These are a couple of good resources that I googled. Also do a search here on Liquid Soap....


----------



## ZandarKoad (Mar 1, 2013)

Wow, that sounds pretty nasty.  I just did a small test, I just made one gallon.  (...  Yeah, that's small for me.)

It seemed to dissolve perfectly well, but we'll see what the consistency is like after it cools overnight.  I'm not really going for a LIQUID, I would like the final product to have a lot of viscosity.  More like a gel.  I'll let you know how it turns out.

Now I'm off to buy a pallet of EVOO from costo.  I just made a 17 pound batch of our naked soap.  Gotta make a 17 pound patch of purple and green next.  My wife wants to package four different color samples together as gifts.  The fourth color will be black.


----------



## tryanything (Mar 1, 2013)

Just FYI, it's called liquid soap, but you can actually make it as thick as you want.  There are lots of different methods to thicken up your soap base from just diluting with less water, using salt, or using other additives (can't remember them off the top of my head right now).


----------



## ZandarKoad (Mar 2, 2013)

Hrm, it looks like I'll need some of those methods for thickening.  My soap is like water, even after re-heating and adding more soap.  I WISH it were like snot...  At least then I'd know what to do.


----------



## melstan775 (Mar 2, 2013)

If it gets gooey, can just a tablespoon in a lot of water make it thin enough?


----------



## ZandarKoad (Mar 2, 2013)

I read elsewhere that salt will thicken it up.  I added 1/3rd cup to my 1 gallon of liquid soap.  It didn't dissolve AT ALL, for like 20 minutes.  It just clumped together at the bottom.  So I heated it up again, and it all dissolved perfectly...  now to let it cool overnight, and see what happens.


----------



## paillo (Mar 3, 2013)

Lindy said:


> First - as Shawnee told you - this does not work very well.  It truly is goo.  To find out just how bad it is put some shavings of your soap into a glass of water and let it sit a couple of days.  It is nasty.
> 
> Why not make liquid soap?  It really isn't that hard and then you get *real* liqiud soap which is a pleasure to use.  It is simply making soap using the hot process method and using Potassium Hydroxide instead of Sodium Hydroxide.
> 
> ...



Yup, it will turn into snotty goo, learned that the hard way and will not try it again!


----------



## ZandarKoad (Mar 3, 2013)

Nope.  No snotty goo here.  I ended up using 16 dry ounces of CP soap in one gallon of water.  I also added 1/3rd cup of salt, and waited overnight.  The soap was still very very liquidy.  I used a stick blender to mix it, and it all turned white / opaque.  Another few hours, and a very thick foam formed on the top (about 2-3 inches of dense foam).  The soap underneath it was still thin, but a little thicker...

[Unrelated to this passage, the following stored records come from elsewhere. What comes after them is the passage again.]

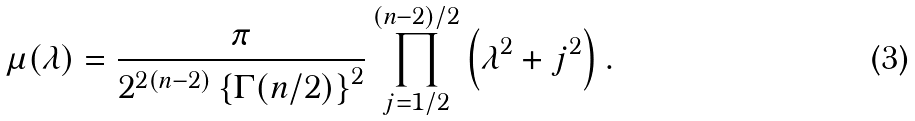<formula> <loc_0><loc_0><loc_500><loc_500>\mu ( \lambda ) = \frac { \pi } { 2 ^ { 2 ( n - 2 ) } \left \{ \Gamma ( n / 2 ) \right \} ^ { 2 } } \prod ^ { ( n - 2 ) / 2 } _ { j = 1 / 2 } \left ( \lambda ^ { 2 } + j ^ { 2 } \right ) .</formula> 
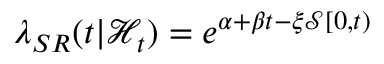Convert formula to latex. <formula><loc_0><loc_0><loc_500><loc_500>\lambda _ { S R } ( t | \mathcal { H } _ { t } ) = e ^ { \alpha + \beta t - \xi \mathcal { S } [ 0 , t ) }</formula> 
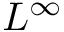<formula> <loc_0><loc_0><loc_500><loc_500>L ^ { \infty }</formula> 
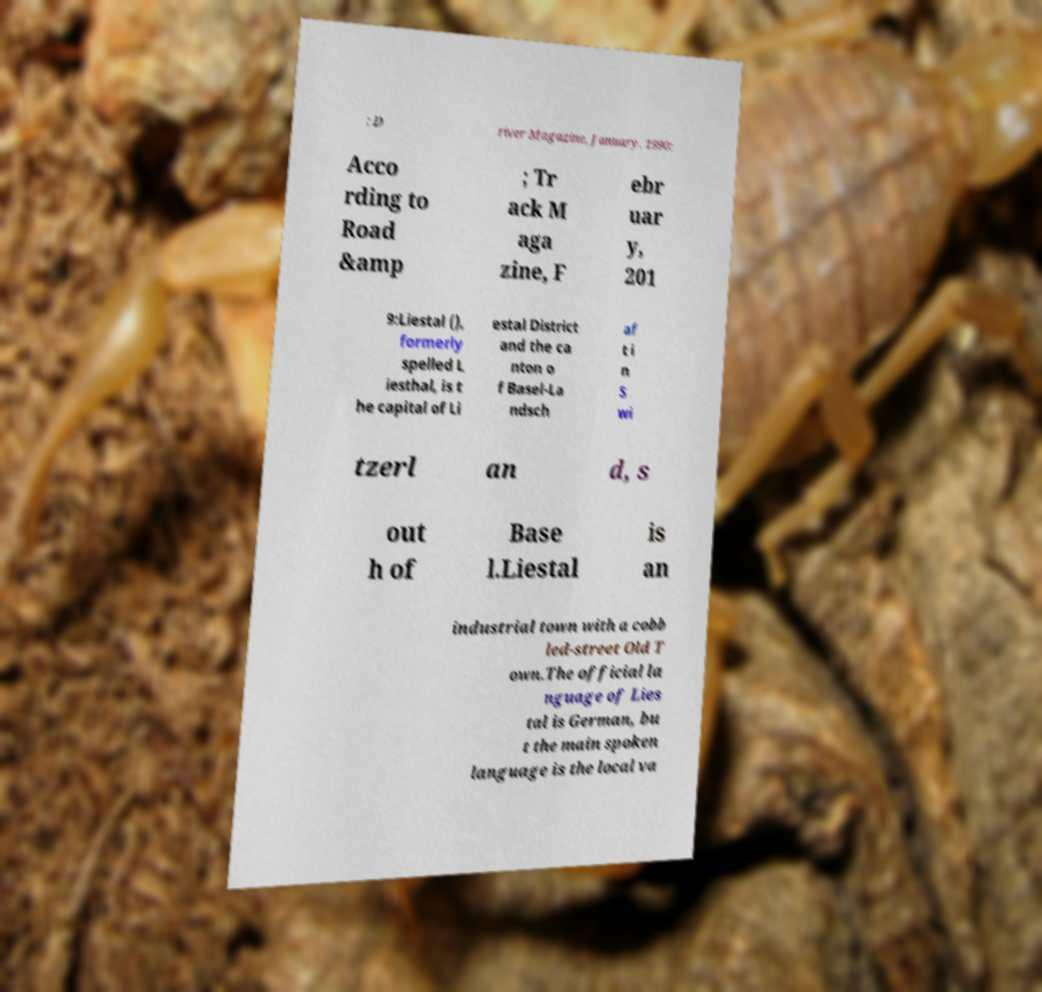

Now I've got tons of foam, and still runny soap.  I don't know what else to try.  I may have to abandon the concept, and go with Potassium Hydroxide.


----------



## ZandarKoad (Mar 3, 2013)

Alrighty, so I tried heating up the soap to remove the bubbles.  FAIL!

Now I've got 2 to 3 times as many bubbles as before heating.  Next huge embarrassing failure:  Chill it in the refrigerator!


----------



## melstan775 (Mar 4, 2013)

What about adding salt or some kind of emolliant for a thickening agent?


----------



## ZandarKoad (Mar 4, 2013)

I did add salt.

My wife tells me that she thinks it's think enough...  I think it's still to runny.  But we took it off the stove, and all the bubbles went away (without having to put it in the refrigerator).  I believe I'll just purchase all foaming pump heads and be done with it.


----------



## ZandarKoad (Mar 4, 2013)

Well, I used my batch of CP turned liquid soap tonight on my four oldest boys.  Their skin didn't fall off, so I'm thinking it's OK!  It's not as runny as it seemed in the pot.  I'll purchase a regular pump and a foaming pump and see which I like better.  I just LOVE the smell of that all natural bar.

As for the preservatives, after further reading, I think it will be just fine with the added salt.


----------



## melstan775 (Mar 4, 2013)

Keep us updated and let us know how it works out!


----------



## ZandarKoad (Mar 23, 2013)

After a few days it turned to SNOT.  You were all right.  

It still works, but it's got that nasty consistency.


----------



## Lindy (Mar 23, 2013)

LOL - the best way to know is to actually see it.  For those of you wondering but not wanting to do it, leave one of your unwashed soap pots in the sink with water in it for a couple of days....


----------